Despite the administration’s chest-beating about these “red lines,” the Iranians remained alternatively coy and intransigent: When not lying about what cards they were willing to show, the mullahs insisted that Americans would not be permitted to snoop around their country and interfere in their military affairs. Someone had to cave in, and — you could set your watch on it — that someone is Obama (if, that is, you are one of those who believed he was being honest in the first place). Thus the problem: how to cover up this decisive surrender within the surrender?

So, in his signature “if you like your health-care plan, you can keep your health-care plan” style, the president has come up with a fraudulent scheme: use the IAEA (the International Atomic Energy Agency) as a smokescreen. His administration now cynically claims that these critical agreement components — the rationale for lifting American sanctions on and making American commitments to the “Death to America” regime — actually have nothing to do with America . . . they are strictly between Tehran and the IAEA. Translation: Blame the IAEA, not Obama, for the abandonment of Obama’s core commitments.

And there's Jackie Mason:
"Mason put his comic chops to use in analyzing the inspection of Iran's nuclear facilities as it is laid out in the deal. “Instant” inspections will only take place 24 days after requested, giving time – he charged – to clean up the site to be inspected.
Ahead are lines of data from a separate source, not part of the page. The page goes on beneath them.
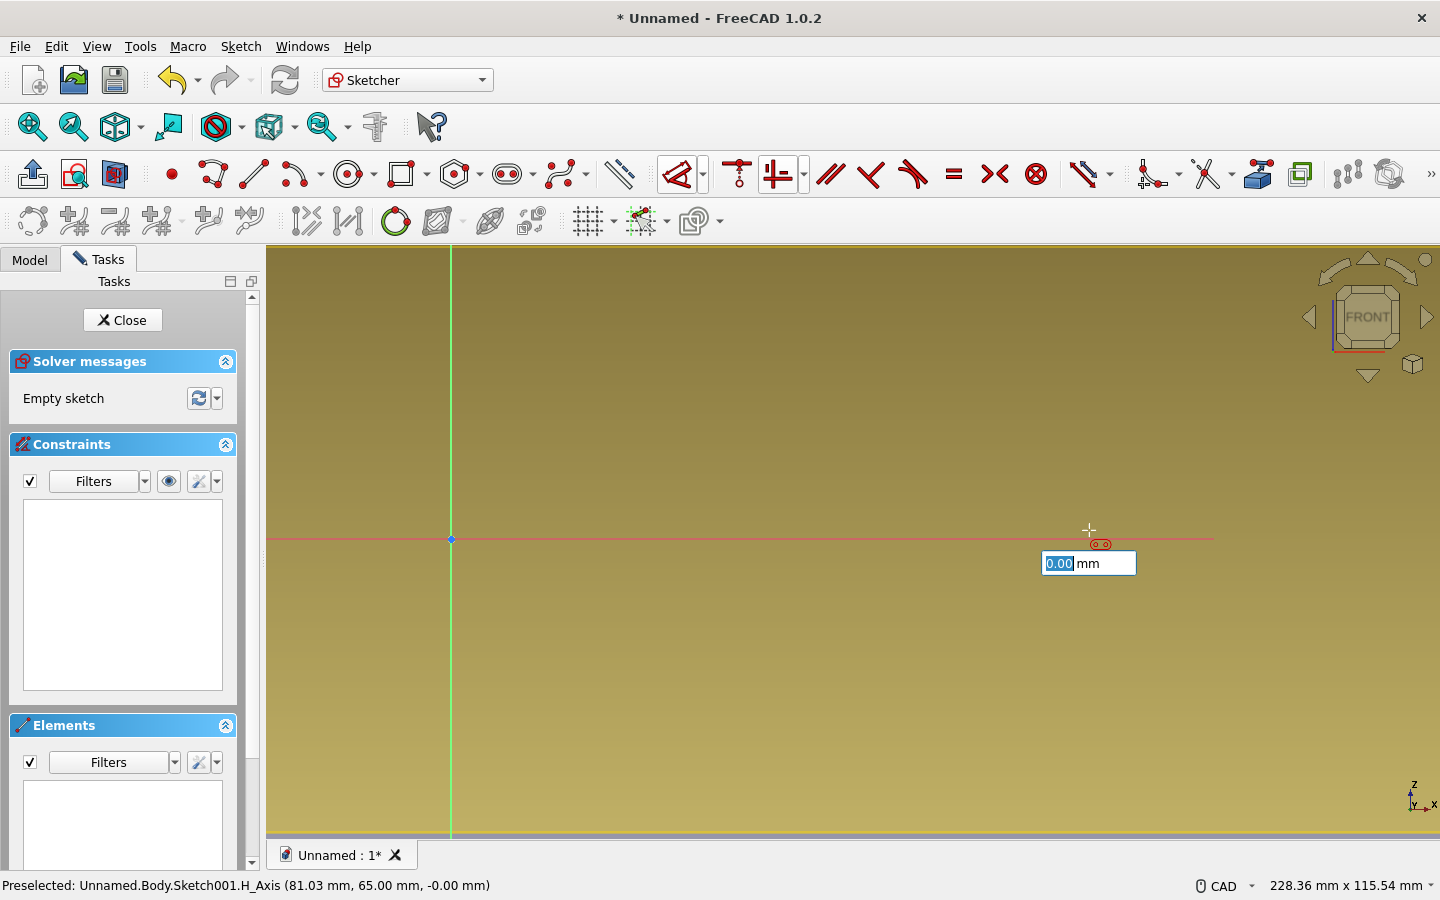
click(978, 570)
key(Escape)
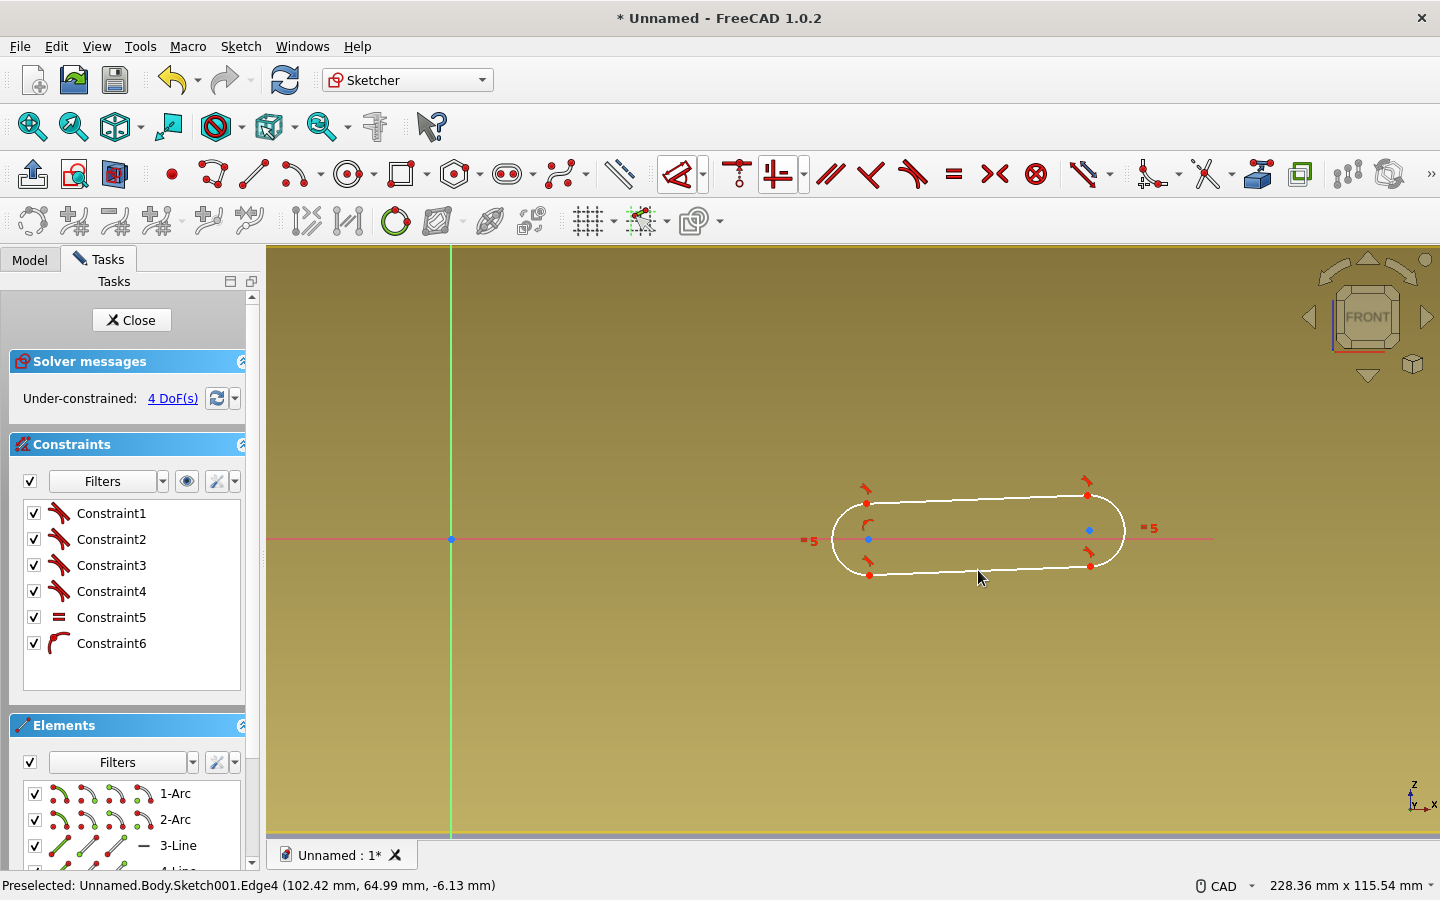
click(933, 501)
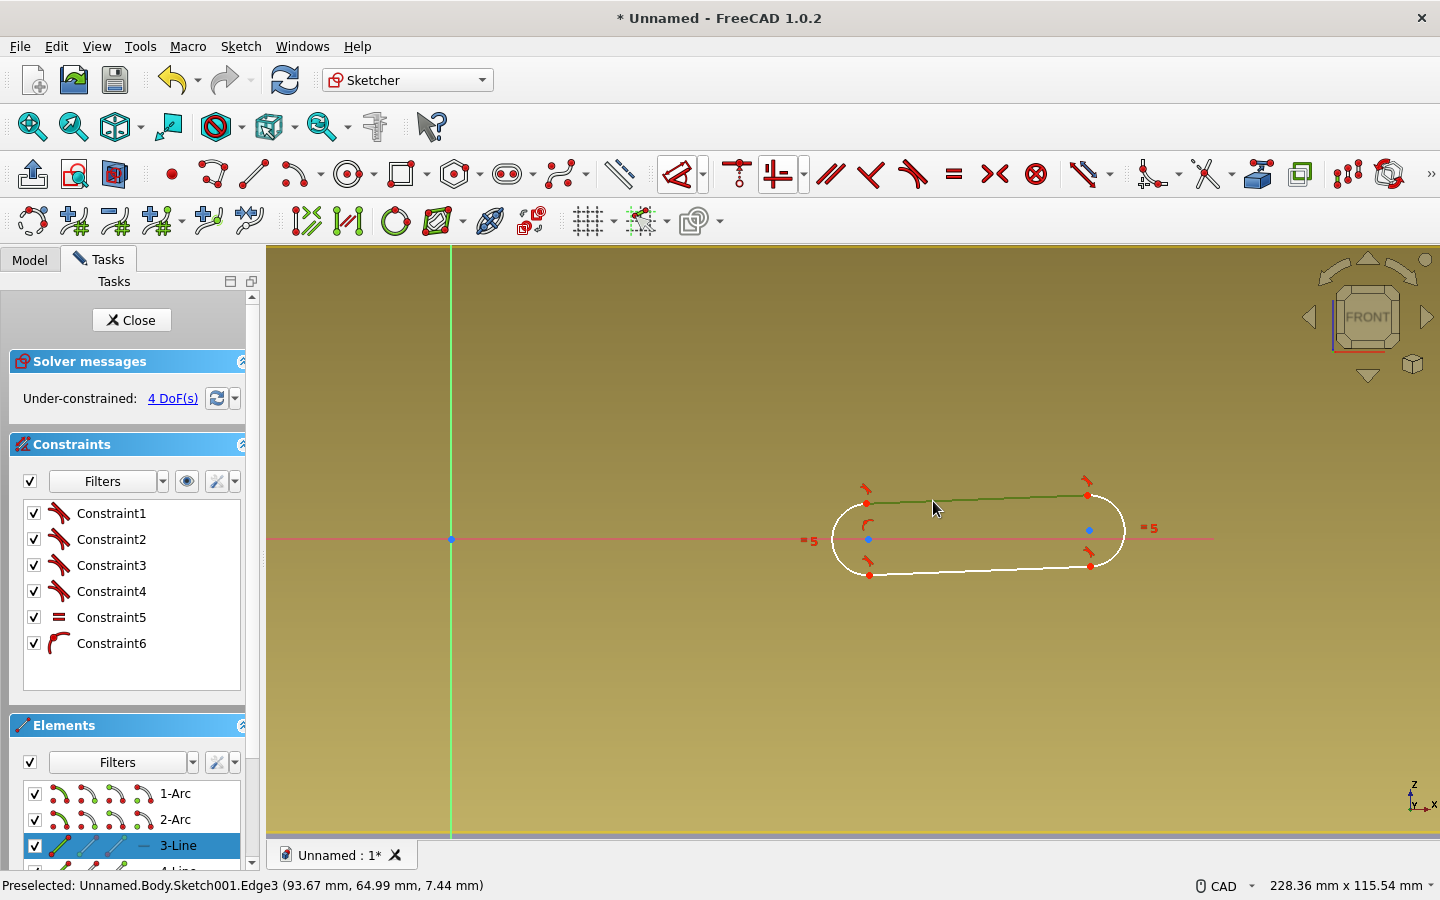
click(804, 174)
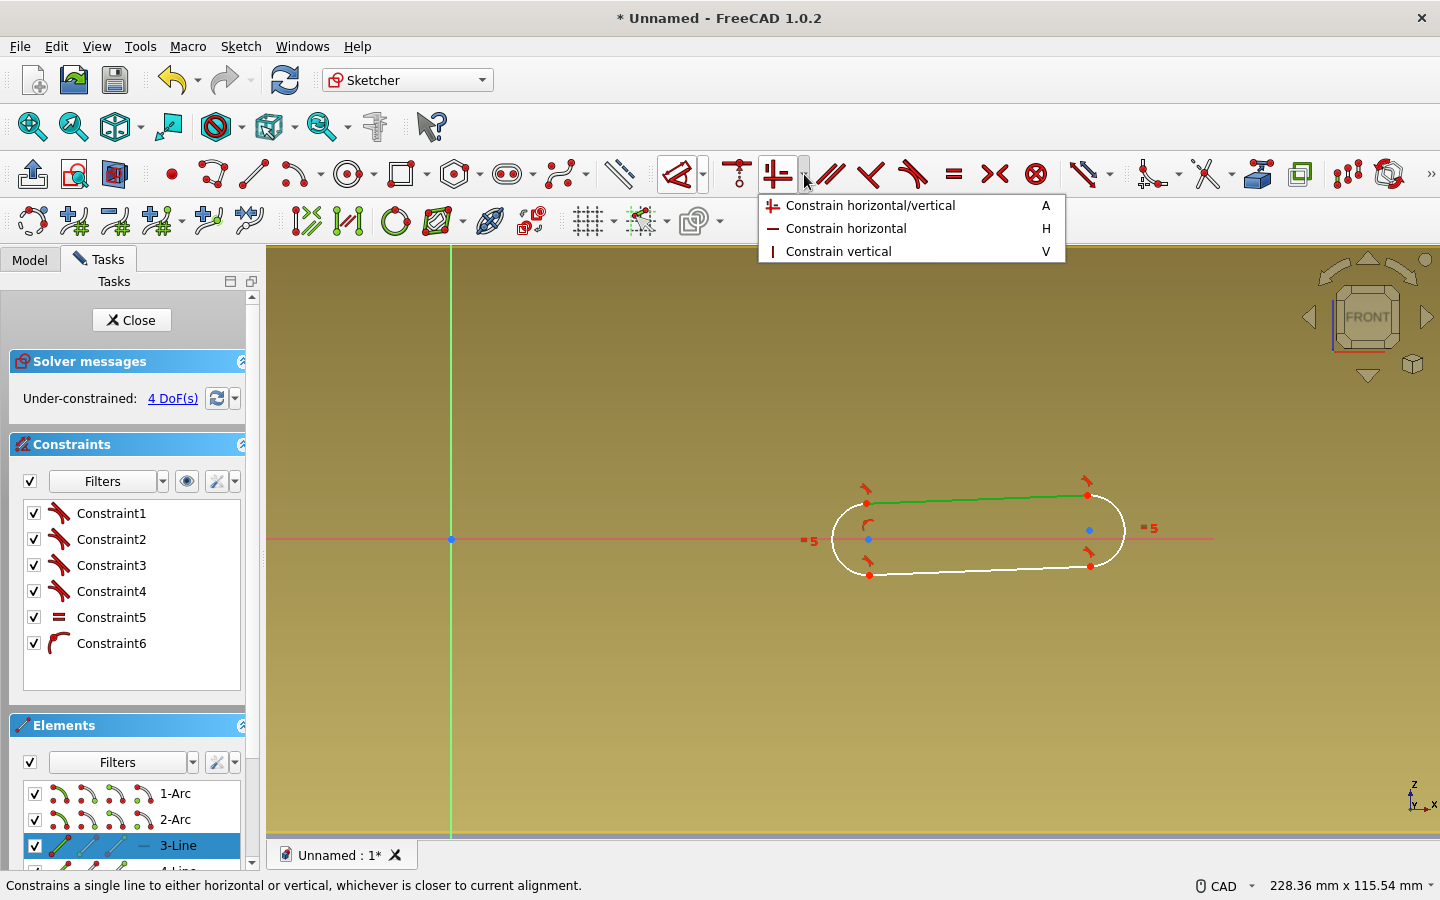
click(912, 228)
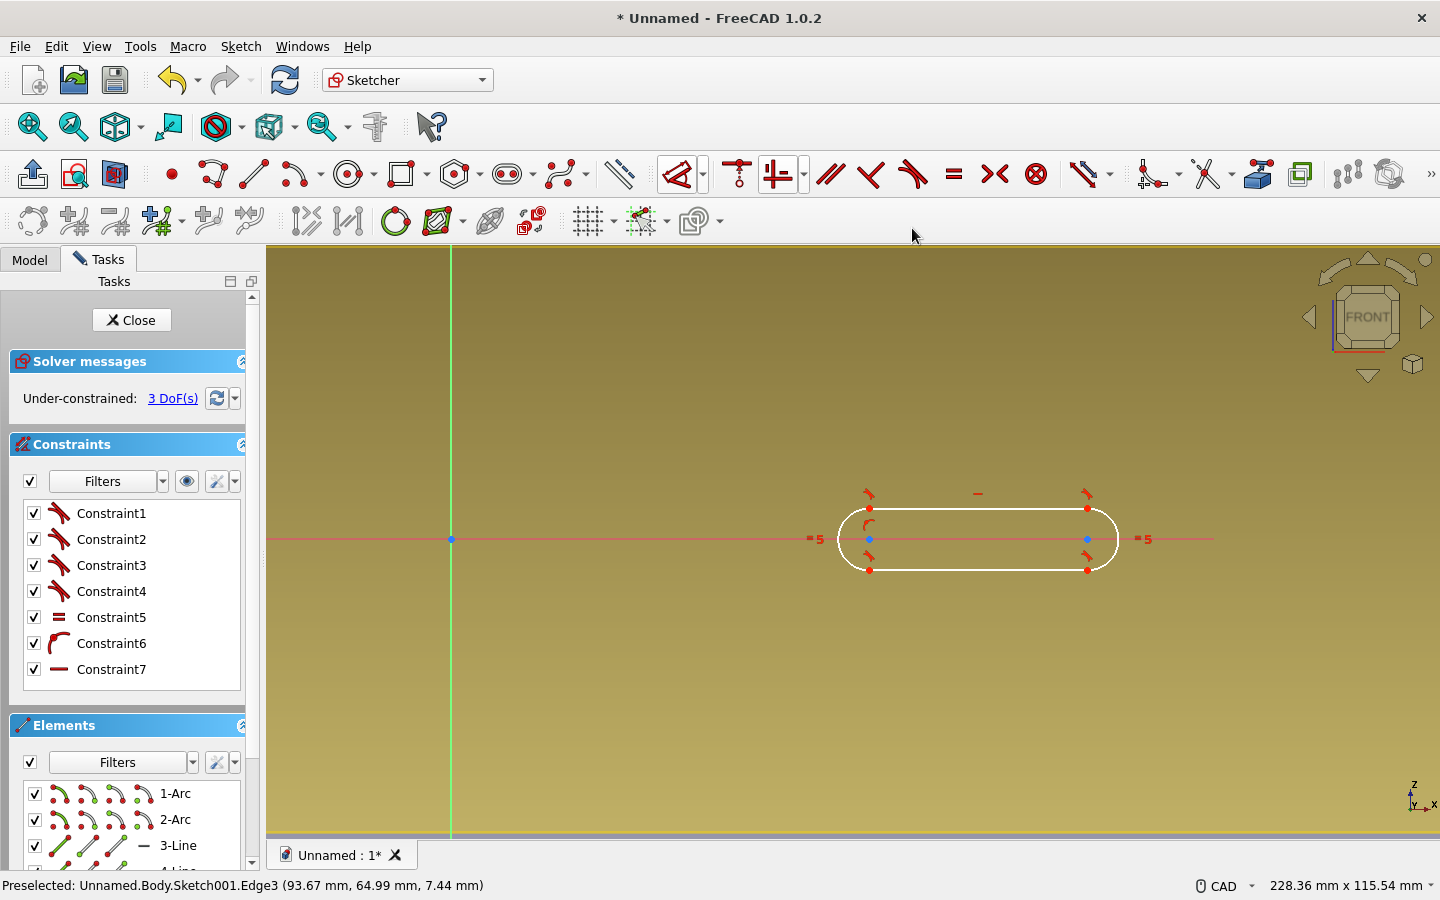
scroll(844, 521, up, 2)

"First Obama said we can inspect them any time, any place, whenever we please. Now it turns out ‘whenever we please’ except when they don’t allow it. If they don’t want it it’s up to them. So then we have to wait 28 days [sic] to inspect, as if to say for the 28 days we can trust them completely, because they’ll do nothing. They’ll just hold the bomb in front of us waiting for us to come so they can show it to us. That’s how stupid this negotiation is to us," he said.

"Do you know that in the restaurants of New York, they have an inspection system. You can surprise any restaurant without notice that you can walk in and inspect them… So we are protected in this city from a bad tuna fish. We’re not protected from a bomb but we’re protected from a bad quality of a tuna fish," Mason joked."